Our study not only identified the involvement of ERS and UPR in the crystal–cell interaction but also observed increased expression of two ERS-related DEGs, CHAC1 and FGF21, in renal papillary tissues from CaOx stone patients. CHAC1 is up-regulated in response to ERS through the activation of the PERK-eIF2α-ATF4 pathway [27]. CHAC1 is also linked to the activation of the pro-apoptotic transcription factor DDIT3, further contributing to cell death [28]. CHAC1 is capable of degrading glutathione, a crucial antioxidant that helps maintain cellular redox balance. The reduction in glutathione levels due to CHAC1 activity exacerbates oxidative stress, pushing the cell towards apoptosis [29]. In addition, glutathione is required for the activity of glutathione peroxidase 4 (GPX4), an enzyme that protects cells from lipid peroxidation. Glutathione depletion diminishes GPX4 activity, leading to the accumulation of lipid peroxides and triggering ferroptosis [30]. KEGG analysis in our study also showed that DEGs were significantly enriched in ferroptosis. Thus, CHAC1 could be a potential therapeutic target in CaOx stone disease. Modulating CHAC1 activity may help mitigate the damaging effects of prolonged ERS by preserving cellular glutathione levels and preventing apoptosis and ferroptosis. FGF21 expression can be induced via ATF4- and DDIT3-dependent pathways [31]. The increase in FGF21 acts as an adaptive response to alleviate ERS and protect cells from apoptosis by enhancing mitochondrial function, reducing oxidative stress, and improving metabolic homeostasis [32,33]. Additionally, FGF21 influences cellular processes such as autophagy, promoting the clearance of misfolded proteins and damaged organelles, thereby alleviating the burden on the ER [34]. Thus, enhancing FGF21 signaling could offer a strategy to counteract the detrimental effects of ERS.
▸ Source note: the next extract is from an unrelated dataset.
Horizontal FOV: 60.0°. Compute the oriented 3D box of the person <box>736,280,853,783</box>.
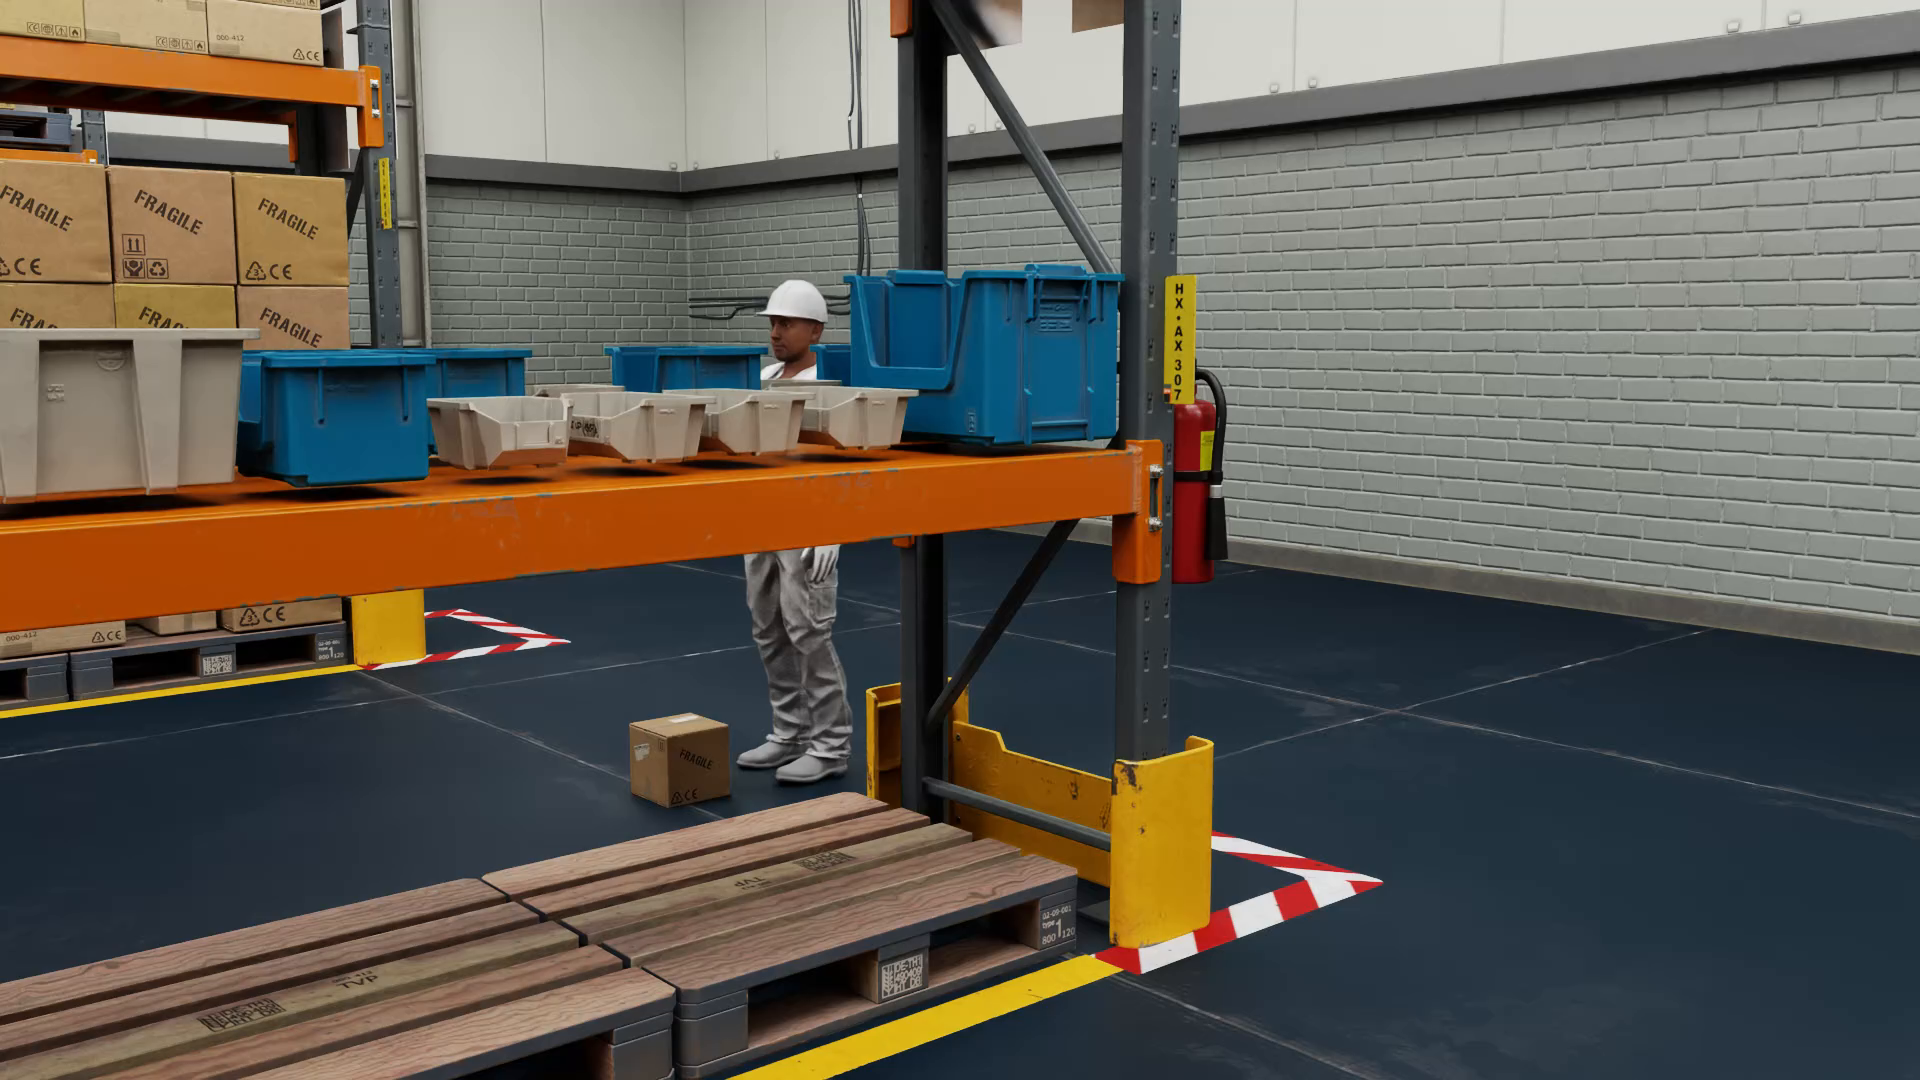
[{"bbox_3d":[-0.588,-0.036,5.985,0.354,1.779,0.541,-6,10,-40],"label":"person"}]

Several limitations of our study should be acknowledged. Firstly, the sequencing results require further validation at both the cellular and animal levels to confirm their relevance and accuracy. Secondly, our study is primarily descriptive; therefore, additional experimental investigations are needed to elucidate the biological functions and specific mechanisms of the DEGs in CaOx stone formation.

5. Conclusions

Our study provides novel insights into the role of ERS in the interaction between CaOx crystals and RTECs. We identified significant changes in the expression of ERS-related DEGs and validated the expression of CHAC1 and FGF21 in renal papillary tissues from CaOx stone patients. CHAC1, through its role in glutathione degradation and promotion of ferroptosis, and FGF21, by modulating mitochondrial function and autophagy, emerge as critical players in the pathogenesis of CaOx stones.